> Required work
Copy out exactly the lines from the start of the data to the line containing "remote control ->". Include both.

Records drawn from a dataset
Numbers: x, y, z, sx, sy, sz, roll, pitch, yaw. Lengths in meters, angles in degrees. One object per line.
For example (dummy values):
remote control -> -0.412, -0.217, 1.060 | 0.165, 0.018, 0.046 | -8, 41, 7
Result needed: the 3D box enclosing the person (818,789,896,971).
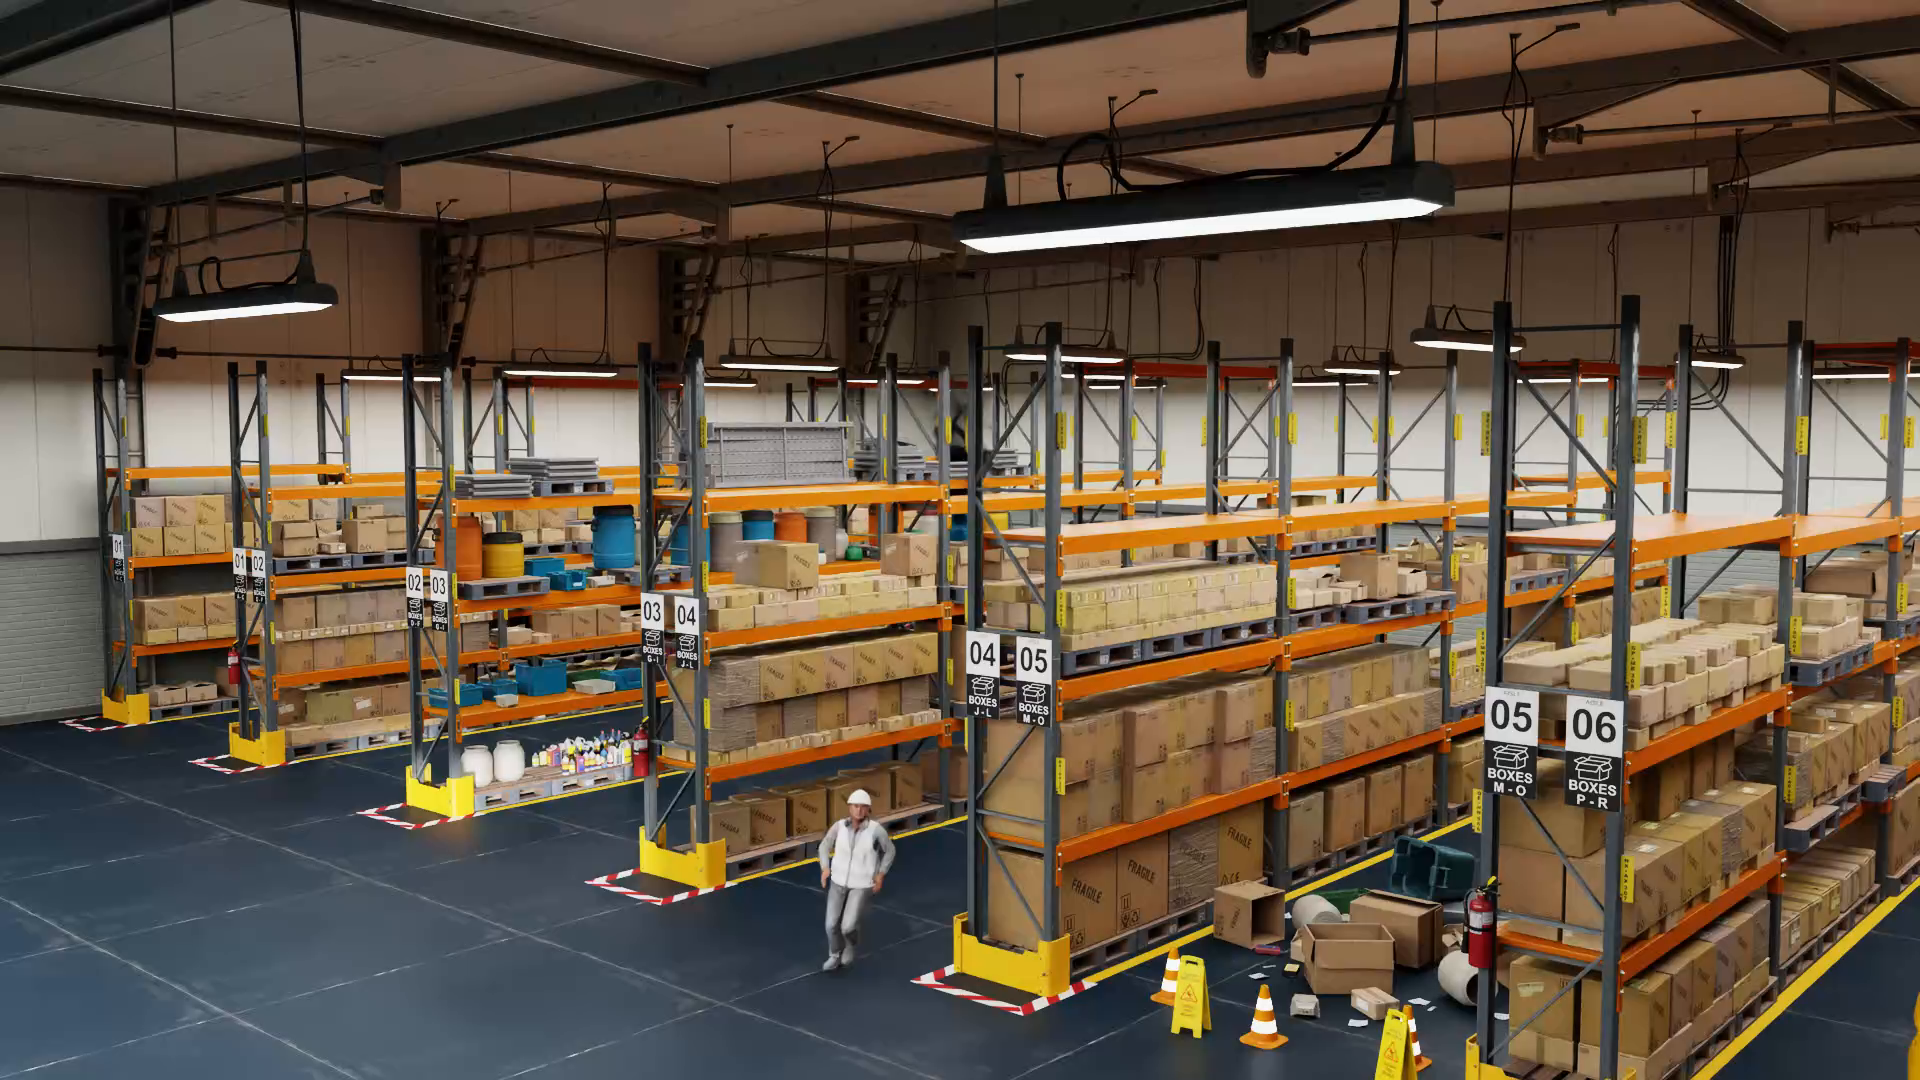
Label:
person -> -0.992, 3.178, 15.431 | 0.714, 1.720, 0.529 | 1, 4, 14

> Answer space
Numbers: x, y, z, sx, sy, sz, roll, pitch, yaw. Lengths in meters, angles in degrees. One object per line.
For example (dummy values):
remote control -> -0.412, -0.217, 1.060 | 0.165, 0.018, 0.046 | -8, 41, 7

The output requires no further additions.